Seul ve Mexico City’de aynı tür ince parçacık maddeden (PM) oluşan şiddetli ince toz kirliliği2.5), oldukça farklı özellikler sergiler. Seul’ün havası güneş ışığını yansıtarak Dünya üzerinde soğutma etkisine katkıda bulunurken, Mexico City’nin parçacıkları güneş ışığını emmeye daha yatkındır ve potansiyel olarak küresel ısınmayı hızlandırır.
UNIST İnşaat, Şehir, Dünya ve Çevre Mühendisliği Bölümünden Profesör Sang Seo Park liderliğindeki bir araştırma ekibi PM’nin kimyasal örneklerini ve optik verilerini analiz etti2.5 Dünyanın 14 şehrinden toplandı.
Bulguları dergide yayınlandı Çevre Bilimi ve Teknolojisibu iki kentsel ortamdaki ince parçacıkların optik ve kimyasal özelliklerinde dikkate değer farklılıkları ortaya koymaktadır.
Araştırmaya göre, Seul’ün ince parçacıklı maddesi yüksek oranda sülfat ve nitrat bileşiklerine sahip; bunlar güneş ışığını güçlü bir şekilde dağıtma eğiliminde ve yansıtıcı (albedo) bir doğa sergiliyor.

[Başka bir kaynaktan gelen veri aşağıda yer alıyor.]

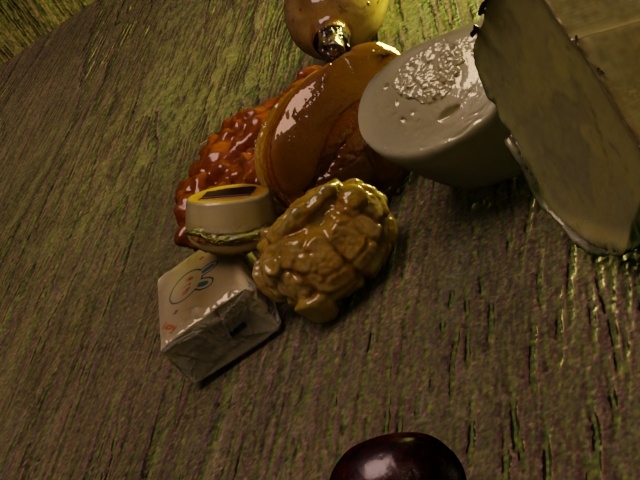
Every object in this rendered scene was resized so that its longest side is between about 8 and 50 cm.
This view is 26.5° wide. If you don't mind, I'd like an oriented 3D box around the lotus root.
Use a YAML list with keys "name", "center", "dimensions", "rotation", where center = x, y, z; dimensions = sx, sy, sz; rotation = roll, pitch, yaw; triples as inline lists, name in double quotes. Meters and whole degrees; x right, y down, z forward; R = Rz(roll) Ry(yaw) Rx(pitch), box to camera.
- name: "lotus root"
  center: [0.026, -0.393, 2.317]
  dimensions: [0.183, 0.183, 0.310]
  rotation: [-26, 34, 28]

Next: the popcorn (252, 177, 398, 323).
- name: "popcorn"
  center: [-0.002, 0.009, 1.705]
  dimensions: [0.194, 0.140, 0.163]
  rotation: [-31, 21, 22]

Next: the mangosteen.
- name: "mangosteen"
  center: [0.073, 0.244, 1.240]
  dimensions: [0.140, 0.140, 0.140]
  rotation: [-31, 26, 17]

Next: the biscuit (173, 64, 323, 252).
- name: "biscuit"
  center: [-0.080, -0.133, 2.083]
  dimensions: [0.312, 0.110, 0.318]
  rotation: [-31, 26, 21]

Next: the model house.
- name: "model house"
  center: [0.343, -0.172, 1.406]
  dimensions: [0.266, 0.321, 0.261]
  rotation: [-25, -16, -12]

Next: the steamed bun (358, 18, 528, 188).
- name: "steamed bun"
  center: [0.188, -0.149, 1.642]
  dimensions: [0.250, 0.200, 0.155]
  rotation: [-22, 60, 37]

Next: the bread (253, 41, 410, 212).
- name: "bread"
  center: [0.033, -0.143, 1.844]
  dimensions: [0.269, 0.195, 0.142]
  rotation: [-48, 16, -20]

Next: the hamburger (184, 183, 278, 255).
- name: "hamburger"
  center: [-0.118, -0.024, 1.795]
  dimensions: [0.126, 0.081, 0.141]
  rotation: [-8, 14, -8]

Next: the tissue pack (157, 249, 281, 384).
- name: "tissue pack"
  center: [-0.140, 0.082, 1.822]
  dimensions: [0.148, 0.092, 0.196]
  rotation: [-35, 24, 8]

Buna karşılık, Mexico City’de güneş ışığını emen ve emici bir özellik sergileyen siyah karbon (kurum) miktarı nispeten daha yüksek. Bu, aynı PM ile bile2.5 Seul’ün parçacıkları güneş ışığını uzaya geri yansıtarak soğutma etkisi yaratırken, Mexico City’deki parçacıklar güneş enerjisini emerek potansiyel olarak yerel ısınmayı hızlandırıyor.
Araştırma, Seul, Pekin ve Mexico City de dahil olmak üzere dünya çapında 14 şehirden gelen kimyasal bileşim verilerini (SPARTAN) ve optik ölçümleri (AERONET) (güneş ışığının atmosferden geçerken nasıl dağıldığını ve emildiğini değerlendiren yer tabanlı bir ağ) karşılaştırdı. AERONET verileri, atmosferik aerosoller tarafından ne kadar güneş ışığının karartıldığı ve dağıtıldığına bağlı olarak partikül madde konsantrasyonunun tahmin edilmesini sağlar.

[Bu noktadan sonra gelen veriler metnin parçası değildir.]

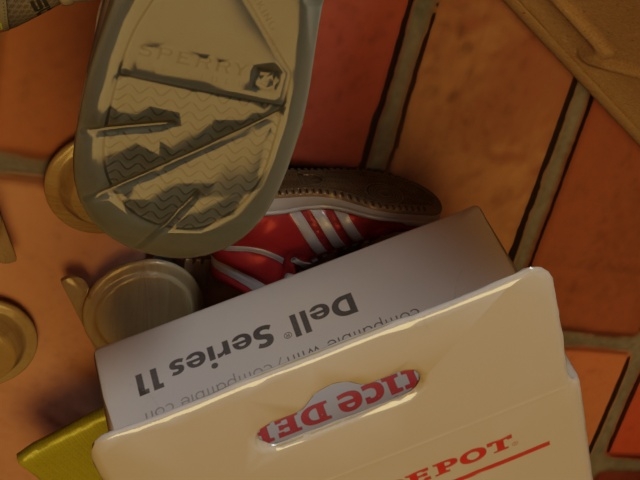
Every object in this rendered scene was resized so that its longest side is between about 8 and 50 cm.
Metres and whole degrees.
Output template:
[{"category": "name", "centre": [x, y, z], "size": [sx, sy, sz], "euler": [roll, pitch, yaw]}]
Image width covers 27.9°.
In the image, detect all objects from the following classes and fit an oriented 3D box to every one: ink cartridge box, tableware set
[{"category": "ink cartridge box", "centre": [0.022, 0.120, 0.650], "size": [0.207, 0.119, 0.353], "euler": [-21, 137, -2]}, {"category": "tableware set", "centre": [-0.139, 0.013, 0.642], "size": [0.168, 0.020, 0.141], "euler": [-12, 124, -9]}]

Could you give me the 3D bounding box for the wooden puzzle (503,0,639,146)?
[{"category": "wooden puzzle", "centre": [0.263, -0.076, 0.555], "size": [0.347, 0.322, 0.081], "euler": [34, 73, -32]}]

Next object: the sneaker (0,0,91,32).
[{"category": "sneaker", "centre": [-0.159, -0.147, 0.510], "size": [0.074, 0.063, 0.170], "euler": [-34, 128, 0]}]

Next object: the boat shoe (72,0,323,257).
[{"category": "boat shoe", "centre": [-0.028, -0.153, 0.525], "size": [0.118, 0.103, 0.321], "euler": [11, 109, -17]}]

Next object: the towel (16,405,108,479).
[{"category": "towel", "centre": [-0.037, 0.079, 0.694], "size": [0.237, 0.021, 0.102], "euler": [-27, 141, 3]}]

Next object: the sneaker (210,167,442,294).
[{"category": "sneaker", "centre": [0.000, 0.000, 0.657], "size": [0.118, 0.042, 0.067], "euler": [3, 118, -10]}]

Sonuçlar, sülfat ve nitrat gibi saçılma bileşenlerinin daha yüksek oranının, artan Tek Saçılma Albedo (SSA) değerleriyle ilişkili olduğunu gösterdi.
SSA, yansıtılan ışığın havadaki parçacıklar tarafından emilene karşı oranını ölçer; 1’e yaklaşan değerler ağırlıklı olarak saçılan parçacıkları belirtirken, daha düşük değerler daha yüksek emilimi gösterir.
Çalışma, siyah karbon gibi emici bileşenlerin sayısı arttıkça, özellikle daha uzun dalga boylarında (870-1.020 nm) SSA’nın azaldığını buldu. Ek olarak, daha büyük miktarlarda toprak tozu, dalga boyuna bağlı saçılma özelliklerinde (dSSA ve rSSA) hızlı değişikliklere yol açtı.
Çalışmanın ilk yazarı Sujin Eom şöyle açıkladı: “Bu araştırma, modelleme yerine doğrudan ölçümler yoluyla, kimyasal bileşimdeki farklılıkların aerosollerin optik davranışını ve iklim etkilerini nasıl etkilediğini gösteriyor. Sadece PM’yi dikkate almanın önemini vurguluyor.2.5 konsantrasyonları değil aynı zamanda hava kalitesi ve iklim çalışmalarındaki bileşimleri.”
Profesör Park ekledi: “Bulgularımız, ince parçacıkların optik özelliklerine dayalı toksisite farklılıklarını dolaylı olarak tahmin etmek için bir temel oluşturuyor. Bu yaklaşım, hava kalitesi tahminlerinin doğruluğunu artırabilir ve halk sağlığı politikalarına bilgi sağlayabilir.”
Bu ortak araştırma, UNIST Parçacık Kirliliği Araştırma ve Yönetim Merkezi ile işbirliği içinde gerçekleştirildi.